Guidance from government advised private care homes to stop visiting.
Government asked what is deemed to be an acceptable level of risk for teachers and pupils returning to work.
Dr Nikki Kanani says risk is relative and we need to think about the wider risks to children and family. Children returning in phased and controlled way. Vulnerable children in particular need to get back to school.
Dr Harries says there is a lot of anxiety, but in an average school the likelihood of someone having the disease is very small and shrinking.
Hancock says that getting schools open in a safe way is vital for education and this will take a team effort.
He reiterates that risk to children is much, much lower.
Hancock is asked why some care homes (those that look after under 65s) are unable to apply for testing.
He says we absolutely need to make sure that hey still have access to tests and that is being rolled out.
Harries says if there are concerns, local oversights and directors of public health should be contacted to make sure the required help is given.
Hancock said it is not the case that people with learning disabilities are being put “to the back of the queue”.
Hancock is asked why the government is relaxed despite the rise of the R rate.
Hancock says that data is a couple weeks old, but also from survey data published by the ONS. As survey grows R range will shrink.
Incredibly important figure for decision makers.
Change in the range of R is very important to look at but overall R is likely to be below 1.
Hancock is asked if the measures put in place for care homes are “too little too late”.
Hancock says government are doing everything they can to support care homes, but clearly there is a long way to go.
Kanani says vast majority of practices look after care homes in a way that you'd like your family to be looked after.
Another member of the public asks if nurses will be recognised with apay rise.
Hancok says nurses pay rose last month and last year nurses pay rose.

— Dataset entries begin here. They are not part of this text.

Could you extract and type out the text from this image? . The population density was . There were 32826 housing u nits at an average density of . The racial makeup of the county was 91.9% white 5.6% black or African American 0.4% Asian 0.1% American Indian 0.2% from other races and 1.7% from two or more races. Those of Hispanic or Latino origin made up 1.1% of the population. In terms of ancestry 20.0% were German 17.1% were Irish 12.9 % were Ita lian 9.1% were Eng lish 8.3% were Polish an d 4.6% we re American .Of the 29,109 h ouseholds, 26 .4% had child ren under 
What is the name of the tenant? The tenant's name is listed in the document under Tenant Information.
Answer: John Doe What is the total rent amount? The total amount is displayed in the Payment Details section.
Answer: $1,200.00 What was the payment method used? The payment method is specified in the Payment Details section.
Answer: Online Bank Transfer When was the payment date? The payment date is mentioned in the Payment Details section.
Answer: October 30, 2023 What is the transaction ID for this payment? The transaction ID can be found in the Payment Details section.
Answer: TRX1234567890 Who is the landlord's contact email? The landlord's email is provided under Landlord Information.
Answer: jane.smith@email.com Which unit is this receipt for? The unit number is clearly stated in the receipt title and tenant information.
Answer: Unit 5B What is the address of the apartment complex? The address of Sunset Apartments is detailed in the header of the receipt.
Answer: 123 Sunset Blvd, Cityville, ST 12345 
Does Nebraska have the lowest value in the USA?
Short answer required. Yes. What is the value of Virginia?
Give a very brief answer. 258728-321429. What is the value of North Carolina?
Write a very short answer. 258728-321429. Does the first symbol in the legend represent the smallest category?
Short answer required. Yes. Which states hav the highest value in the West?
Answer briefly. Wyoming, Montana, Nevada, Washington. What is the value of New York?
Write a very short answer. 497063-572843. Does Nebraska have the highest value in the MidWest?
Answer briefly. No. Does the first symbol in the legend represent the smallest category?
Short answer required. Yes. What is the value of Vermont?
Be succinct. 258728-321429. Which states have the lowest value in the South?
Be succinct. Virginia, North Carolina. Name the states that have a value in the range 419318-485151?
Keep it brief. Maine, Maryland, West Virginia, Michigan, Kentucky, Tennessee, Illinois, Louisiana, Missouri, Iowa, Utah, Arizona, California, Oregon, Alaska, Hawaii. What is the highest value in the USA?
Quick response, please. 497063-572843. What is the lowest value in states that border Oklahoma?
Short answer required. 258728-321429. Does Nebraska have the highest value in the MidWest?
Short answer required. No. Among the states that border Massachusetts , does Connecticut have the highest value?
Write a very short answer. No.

He says crisis has shown how much the nation values staff.
Hancock says as the Health Secretary he says he will fight for fair reward.

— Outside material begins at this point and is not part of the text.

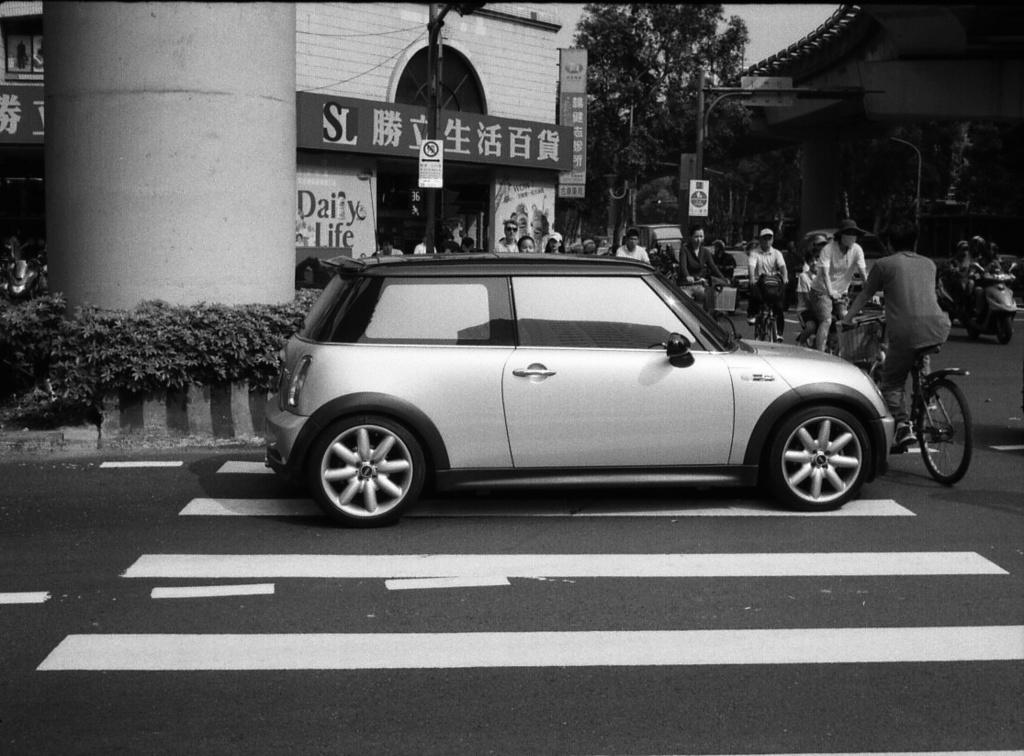What type of transportation infrastructure is visible in the image? There is a street, a road, a car, and people riding bicycles in the image. What type of structure can be seen in the image? There is a pillar and a flyover in the image. What type of commercial establishments are present in the image? There are shops in the image. Can you see any signs of regret in the image? There is no indication of regret in the image; it features a street, a road, a car, a pillar, a flyover, shops, and people riding bicycles. Is there any writing visible on the car in the image? There is no writing visible on the car in the image.

Dr Jenny Harries has said that there isn't an immediate easy outcome to eradicate the disease completely, in response to a question from the member of the public.

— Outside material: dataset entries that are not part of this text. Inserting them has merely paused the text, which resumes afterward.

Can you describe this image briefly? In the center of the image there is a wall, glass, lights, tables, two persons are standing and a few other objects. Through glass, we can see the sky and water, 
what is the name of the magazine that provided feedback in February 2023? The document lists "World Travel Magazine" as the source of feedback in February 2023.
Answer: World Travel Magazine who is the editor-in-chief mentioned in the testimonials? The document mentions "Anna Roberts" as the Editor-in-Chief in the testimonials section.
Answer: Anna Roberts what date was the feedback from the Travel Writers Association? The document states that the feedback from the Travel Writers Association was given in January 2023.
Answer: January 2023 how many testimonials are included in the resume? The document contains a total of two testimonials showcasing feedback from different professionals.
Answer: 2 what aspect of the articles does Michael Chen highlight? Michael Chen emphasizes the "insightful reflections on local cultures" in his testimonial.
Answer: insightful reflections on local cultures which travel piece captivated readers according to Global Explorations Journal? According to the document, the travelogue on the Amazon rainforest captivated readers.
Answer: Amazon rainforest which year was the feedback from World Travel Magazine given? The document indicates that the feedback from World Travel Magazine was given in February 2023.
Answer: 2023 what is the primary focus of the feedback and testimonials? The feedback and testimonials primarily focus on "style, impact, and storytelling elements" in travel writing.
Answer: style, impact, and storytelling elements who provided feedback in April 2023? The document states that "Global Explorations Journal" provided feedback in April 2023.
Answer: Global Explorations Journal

To eradicate we need a vaccine. Immediate aim is to significantly reduce cases.
Dr Jenny Harries is taking us through the daily slides now.
They say that R is currently between 0.7 and 1.
She says that there are different R values depending on the environment. Quite likely that in the community the R value will be lower.
Data from Google shows that use of parks have increased in recent weeks.
80% of adults only left their home for permitted reasons, if at all.
133,784 tests in last 24 hours.
Increase in testing, but number of cases is declining.
Decline of hospital admissions is slow.
Rolling average of deaths is steadily decreasing.
Hancock says that from the start of the pandemic there has been a need to protect care homes.
He said we've worked to do this from the start of the crisis.
He says right from the start the government have tried 2to throw a protective ring" around care homes.
He says government have made sure that care homes are well equipped for the pandemic.
Extra infection controls have been put in place, testing measures have been ramped up and d this has saved lives and protected 64% of care homes from having any cornavirus cases.
All care home residents and staff in England are now being tested. Every resident and carer will be tested in care homes in England between now and June.
Local authorities now required to carry out daily reviews on situations in care homes so government can challenge and act when necessary.
Number of care homes reporting first case everyday has fallen from 219 to 59.
Still “so much more to do”. Crisis has shown need for reform, acted for a catalyst for integration between health and social care. Broke down historic barriers.
Health and social care have a common mission to care, but bureaucracy has held them back.